Your assignment. The expected response is an exact repetition of every record, with images excluded.
== Segment start ==
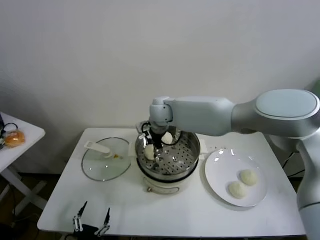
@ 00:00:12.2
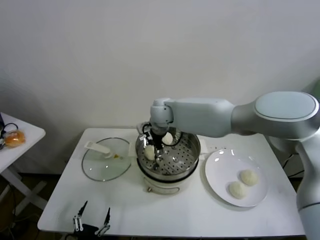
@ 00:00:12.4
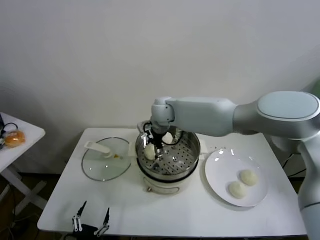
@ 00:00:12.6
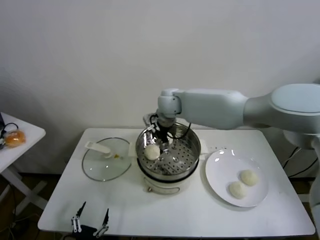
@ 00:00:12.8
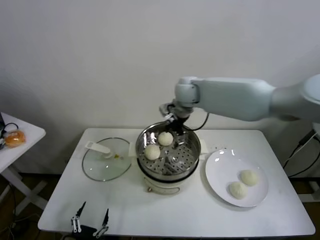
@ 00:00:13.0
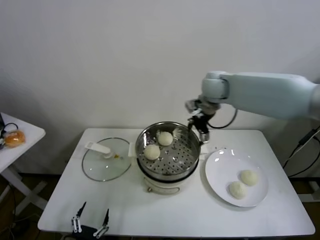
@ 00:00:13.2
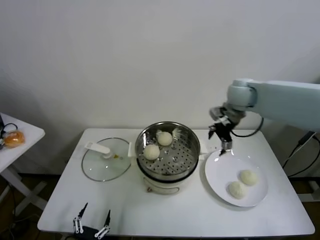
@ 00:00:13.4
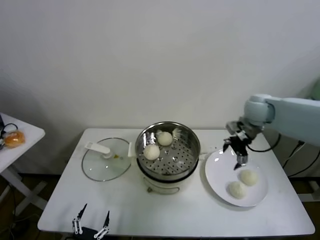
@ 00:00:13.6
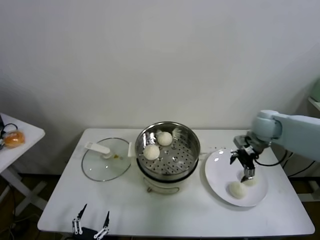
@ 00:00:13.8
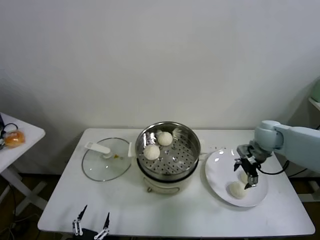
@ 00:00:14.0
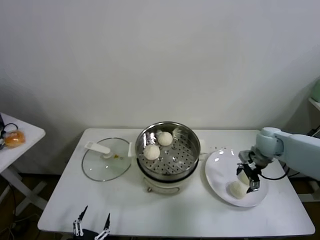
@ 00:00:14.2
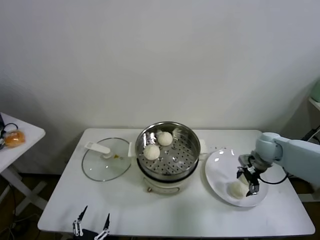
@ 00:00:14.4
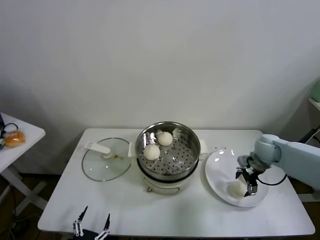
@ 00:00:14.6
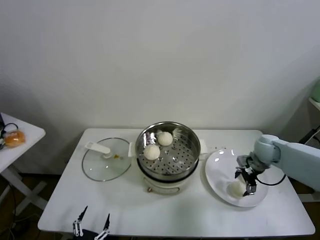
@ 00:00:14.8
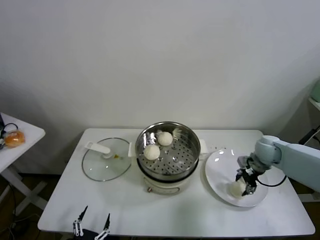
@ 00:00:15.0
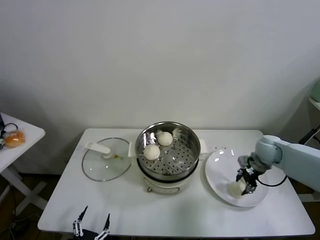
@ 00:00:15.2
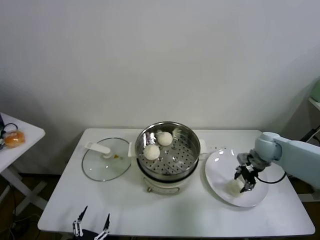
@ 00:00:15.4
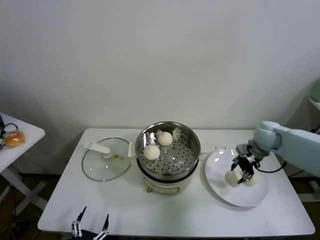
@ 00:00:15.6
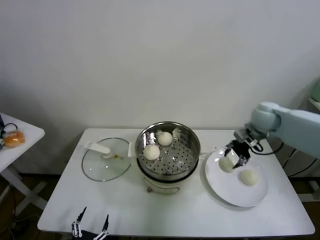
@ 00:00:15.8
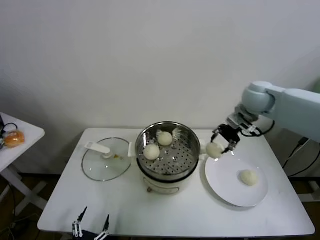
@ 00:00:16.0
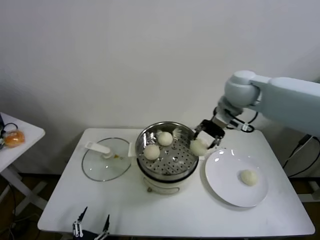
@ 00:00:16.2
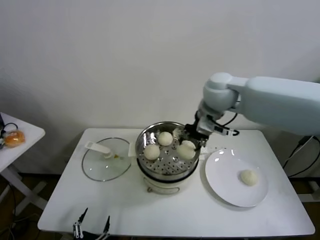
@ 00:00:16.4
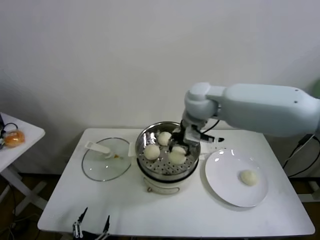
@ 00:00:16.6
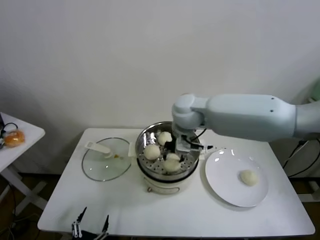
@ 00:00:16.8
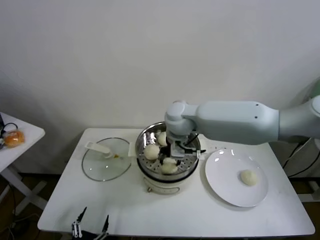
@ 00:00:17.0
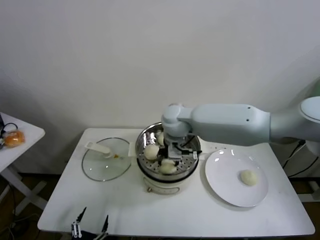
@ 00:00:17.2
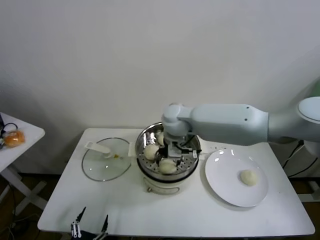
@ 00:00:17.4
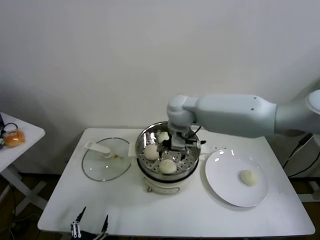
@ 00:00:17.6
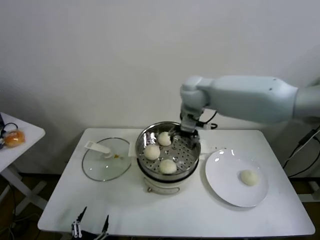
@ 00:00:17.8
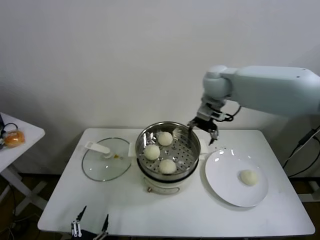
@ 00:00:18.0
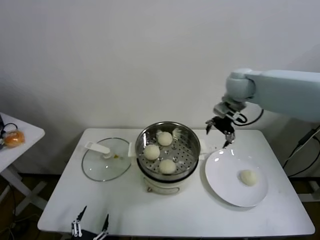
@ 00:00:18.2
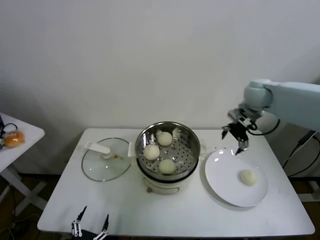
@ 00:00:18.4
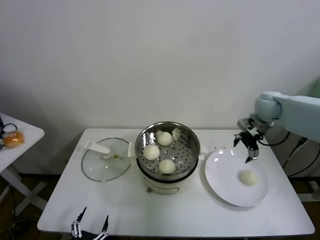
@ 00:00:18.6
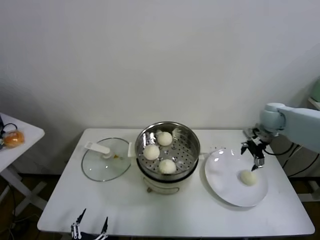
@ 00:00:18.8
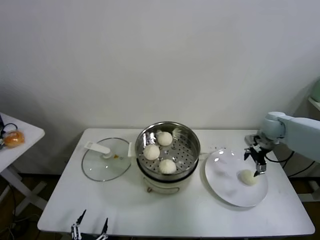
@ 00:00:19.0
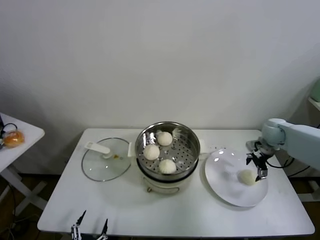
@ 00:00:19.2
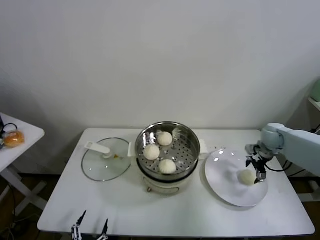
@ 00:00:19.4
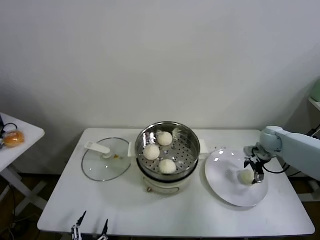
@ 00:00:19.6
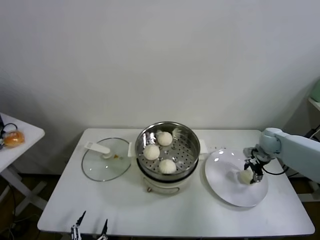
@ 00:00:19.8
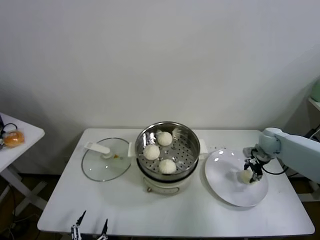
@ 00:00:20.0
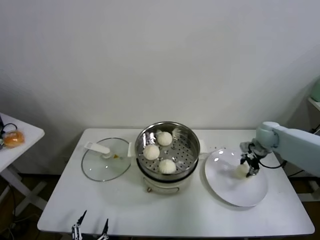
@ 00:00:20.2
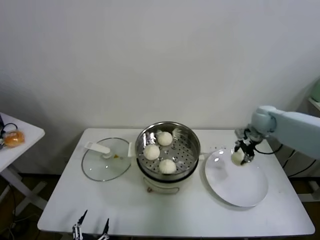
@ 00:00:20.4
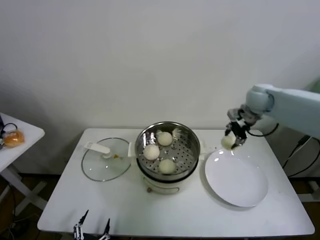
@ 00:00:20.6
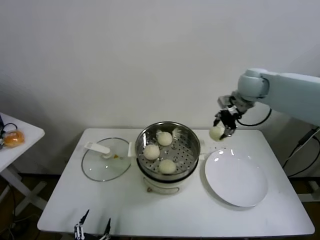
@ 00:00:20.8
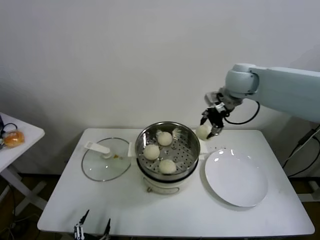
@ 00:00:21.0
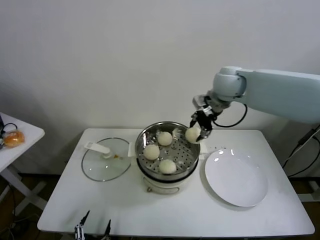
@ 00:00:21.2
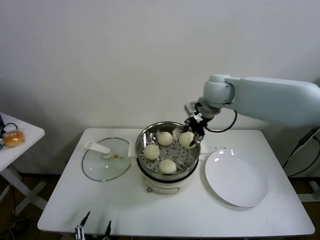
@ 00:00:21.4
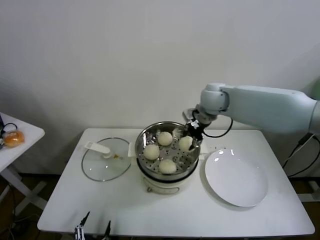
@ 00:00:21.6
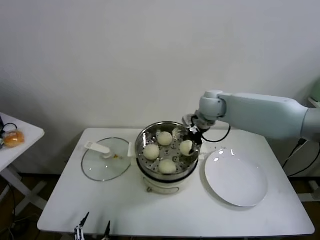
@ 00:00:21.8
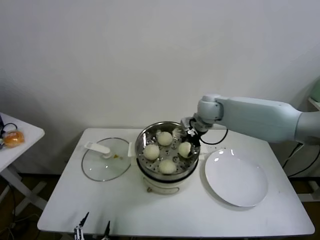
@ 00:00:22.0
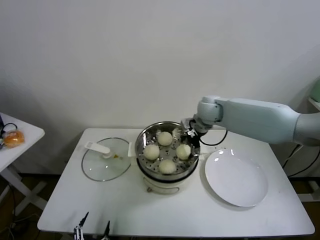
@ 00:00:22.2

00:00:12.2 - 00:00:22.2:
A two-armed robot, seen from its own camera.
Task of the whole recording: take steamed baozi put them in steamer.
Step, 00:00:12.8 - 00:00:15.0: Grasp the baozi in the plate with right gripper.
Step, 00:00:15.2 - 00:00:17.4: Place the baozi on the steamer with right gripper.
Step, 00:00:17.6 - 00:00:19.6: Grasp the baozi in the plate with right gripper.
Step, 00:00:20.0 - 00:00:22.2: Place the baozi on the steamer with right gripper.
00:00:12.2 - 00:00:13.6: The right gripper goes approximately 30 cm to the right, and opens its fingers.
00:00:13.6 - 00:00:15.0: The right gripper goes some 15 cm downward and to the right, and closes its fingers.
00:00:15.0 - 00:00:16.4: The right gripper goes some 35 cm upward and to the left.
00:00:16.4 - 00:00:18.0: The right gripper shifts about 5 cm forward, moves roughly 10 cm to the left and comes back, and opens up.
00:00:18.0 - 00:00:19.4: The right gripper moves to the right and downward, approximately 35 cm.
00:00:19.4 - 00:00:20.8: The right gripper travels upward and to the left by roughly 25 cm, and closes.
00:00:20.8 - 00:00:22.2: The right gripper goes roughly 15 cm to the left and downward, and opens.
== Segment end ==
Solved exercise.
@ 00:00:12.2
@ 00:00:12.4
@ 00:00:12.6
@ 00:00:12.8
@ 00:00:13.0
@ 00:00:13.2
@ 00:00:13.4
@ 00:00:13.6
@ 00:00:13.8
@ 00:00:14.0
@ 00:00:14.2
@ 00:00:14.4
@ 00:00:14.6
@ 00:00:14.8
@ 00:00:15.0
@ 00:00:15.2
@ 00:00:15.4
@ 00:00:15.6
@ 00:00:15.8
@ 00:00:16.0
@ 00:00:16.2
@ 00:00:16.4
@ 00:00:16.6
@ 00:00:16.8
@ 00:00:17.0
@ 00:00:17.2
@ 00:00:17.4
@ 00:00:17.6
@ 00:00:17.8
@ 00:00:18.0
@ 00:00:18.2
@ 00:00:18.4
@ 00:00:18.6
@ 00:00:18.8
@ 00:00:19.0
@ 00:00:19.2
@ 00:00:19.4
@ 00:00:19.6
@ 00:00:19.8
@ 00:00:20.0
@ 00:00:20.2
@ 00:00:20.4
@ 00:00:20.6
@ 00:00:20.8
@ 00:00:21.0
@ 00:00:21.2
@ 00:00:21.4
@ 00:00:21.6
@ 00:00:21.8
@ 00:00:22.0
@ 00:00:22.2

00:00:12.2 - 00:00:22.2:
A two-armed robot, seen from its own camera.
Task of the whole recording: take steamed baozi put them in steamer.
Step, 00:00:12.8 - 00:00:15.0: Grasp the baozi in the plate with right gripper.
Step, 00:00:15.2 - 00:00:17.4: Place the baozi on the steamer with right gripper.
Step, 00:00:17.6 - 00:00:19.6: Grasp the baozi in the plate with right gripper.
Step, 00:00:20.0 - 00:00:22.2: Place the baozi on the steamer with right gripper.
00:00:12.2 - 00:00:13.6: The right gripper goes approximately 30 cm to the right, and opens its fingers.
00:00:13.6 - 00:00:15.0: The right gripper goes some 15 cm downward and to the right, and closes its fingers.
00:00:15.0 - 00:00:16.4: The right gripper goes some 35 cm upward and to the left.
00:00:16.4 - 00:00:18.0: The right gripper shifts about 5 cm forward, moves roughly 10 cm to the left and comes back, and opens up.
00:00:18.0 - 00:00:19.4: The right gripper moves to the right and downward, approximately 35 cm.
00:00:19.4 - 00:00:20.8: The right gripper travels upward and to the left by roughly 25 cm, and closes.
00:00:20.8 - 00:00:22.2: The right gripper goes roughly 15 cm to the left and downward, and opens.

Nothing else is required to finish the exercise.